───── LISTED ENTRIES
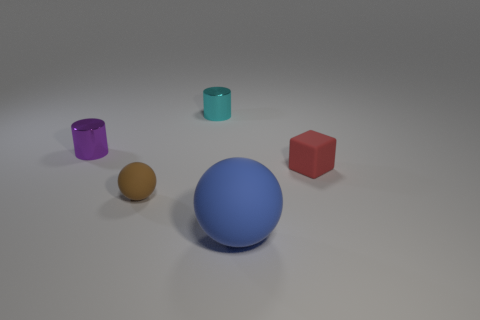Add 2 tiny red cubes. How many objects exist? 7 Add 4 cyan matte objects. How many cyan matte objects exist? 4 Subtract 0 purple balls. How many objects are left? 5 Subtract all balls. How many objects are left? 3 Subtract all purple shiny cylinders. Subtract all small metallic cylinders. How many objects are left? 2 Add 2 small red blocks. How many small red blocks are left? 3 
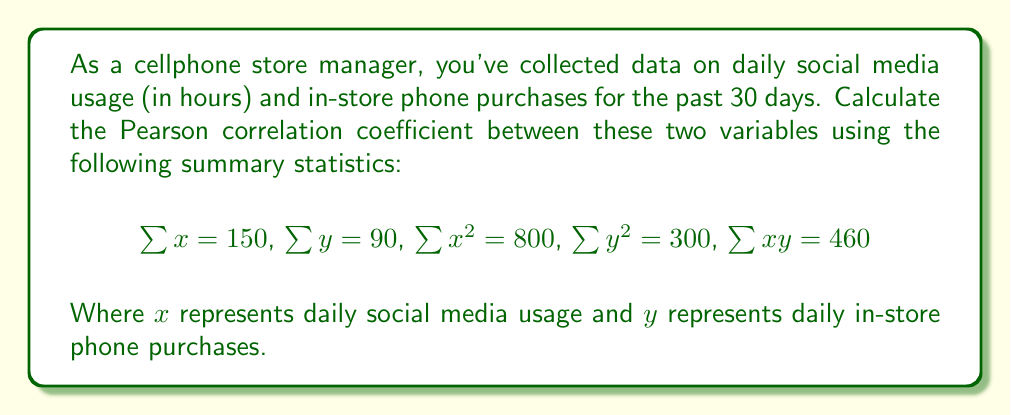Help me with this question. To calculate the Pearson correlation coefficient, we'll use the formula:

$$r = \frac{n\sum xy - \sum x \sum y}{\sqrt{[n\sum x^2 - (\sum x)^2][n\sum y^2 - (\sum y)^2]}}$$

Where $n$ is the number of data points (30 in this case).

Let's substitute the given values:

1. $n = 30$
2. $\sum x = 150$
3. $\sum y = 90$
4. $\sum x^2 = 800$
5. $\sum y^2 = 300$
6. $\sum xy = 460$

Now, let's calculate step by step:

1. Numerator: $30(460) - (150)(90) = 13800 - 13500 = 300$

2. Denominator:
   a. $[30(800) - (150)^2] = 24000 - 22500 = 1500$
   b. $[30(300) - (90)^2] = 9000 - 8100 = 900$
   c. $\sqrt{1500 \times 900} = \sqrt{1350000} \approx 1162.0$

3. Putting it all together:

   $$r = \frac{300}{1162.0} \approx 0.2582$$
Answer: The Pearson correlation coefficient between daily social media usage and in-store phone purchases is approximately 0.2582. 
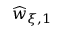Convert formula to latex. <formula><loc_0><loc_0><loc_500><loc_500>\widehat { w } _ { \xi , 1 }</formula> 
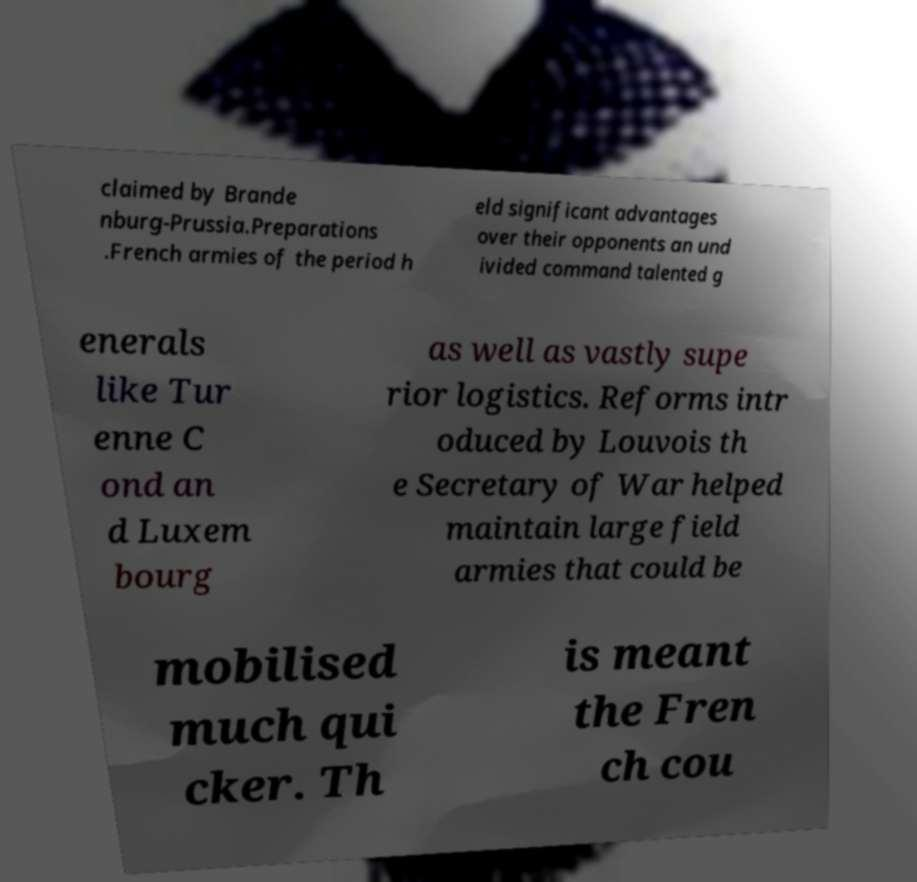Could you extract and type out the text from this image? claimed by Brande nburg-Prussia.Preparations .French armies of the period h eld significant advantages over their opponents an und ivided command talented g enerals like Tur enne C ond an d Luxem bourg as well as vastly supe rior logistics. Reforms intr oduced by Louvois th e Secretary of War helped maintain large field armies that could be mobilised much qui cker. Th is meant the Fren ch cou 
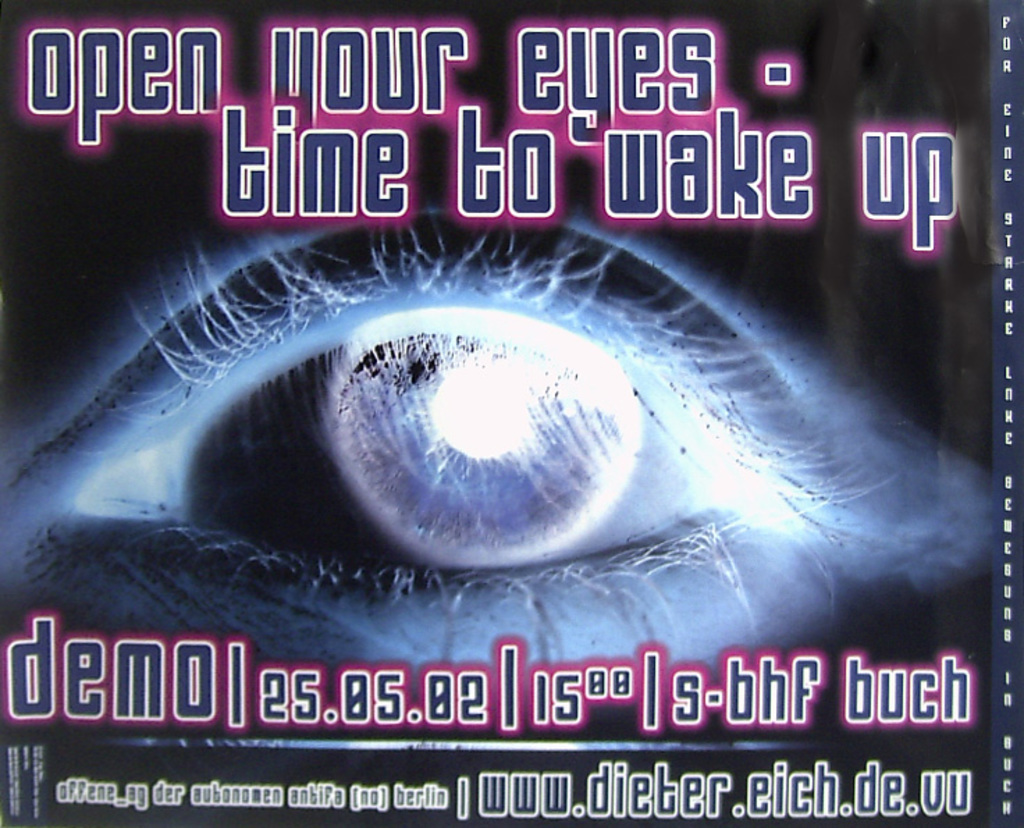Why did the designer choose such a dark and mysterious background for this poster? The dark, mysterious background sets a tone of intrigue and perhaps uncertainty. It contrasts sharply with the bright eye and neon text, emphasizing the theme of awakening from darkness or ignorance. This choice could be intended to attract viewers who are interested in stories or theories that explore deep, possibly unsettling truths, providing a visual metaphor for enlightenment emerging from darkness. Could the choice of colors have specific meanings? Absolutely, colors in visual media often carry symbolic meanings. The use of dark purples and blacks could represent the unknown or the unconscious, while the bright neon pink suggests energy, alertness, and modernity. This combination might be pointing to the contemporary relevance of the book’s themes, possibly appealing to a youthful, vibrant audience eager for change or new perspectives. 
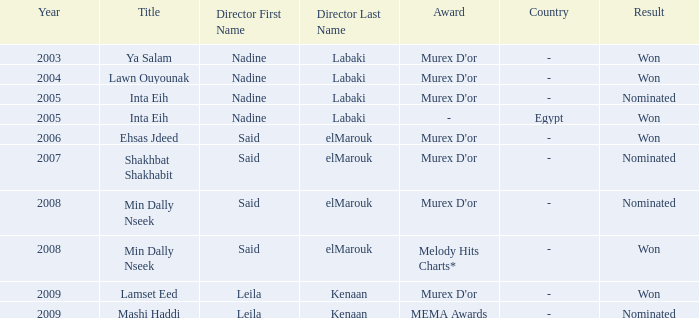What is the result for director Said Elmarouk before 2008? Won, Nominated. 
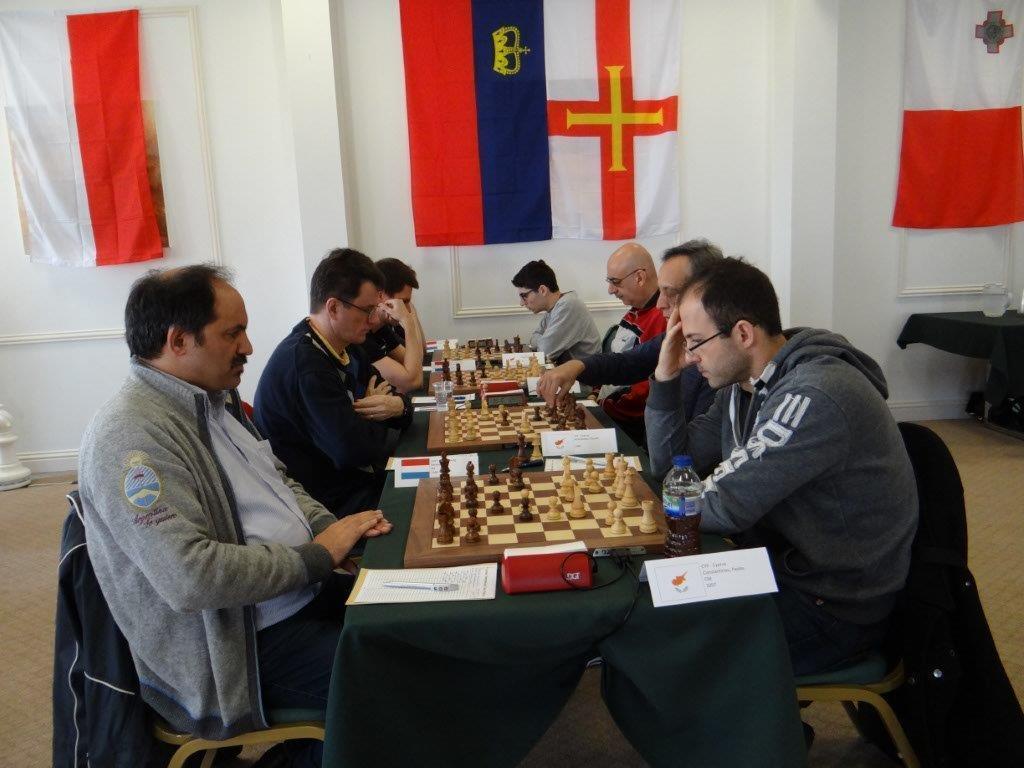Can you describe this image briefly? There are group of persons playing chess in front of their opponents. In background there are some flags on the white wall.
──────────
▶ [DESCRIPTION OF THE TASK]: Begin at the line in the entries above that has "Now, let's calculate", stop after the line that has "Could you extract", and output exactly those lines without pictures.

▶ [RESPONSE FOR THIS EXERCISE]:
Now, let's calculate step by step:

1. Numerator: $30(460) - (150)(90) = 13800 - 13500 = 300$

2. Denominator:
   a. $[30(800) - (150)^2] = 24000 - 22500 = 1500$
   b. $[30(300) - (90)^2] = 9000 - 8100 = 900$
   c. $\sqrt{1500 \times 900} = \sqrt{1350000} \approx 1162.0$

3. Putting it all together:

   $$r = \frac{300}{1162.0} \approx 0.2582$$
Answer: The Pearson correlation coefficient between daily social media usage and in-store phone purchases is approximately 0.2582. 
Convert formula to latex. <formula><loc_0><loc_0><loc_500><loc_500>\widehat { w } _ { \xi , 1 }</formula> 
Could you extract and type out the text from this image? claimed by Brande nburg-Prussia.Preparations .French armies of the period h eld significant advantages over their opponents an und ivided command talented g enerals like Tur enne C ond an d Luxem bourg as well as vastly supe rior logistics. Reforms intr oduced by Louvois th e Secretary of War helped maintain large field armies that could be mobilised much qui cker. Th is meant the Fren ch cou 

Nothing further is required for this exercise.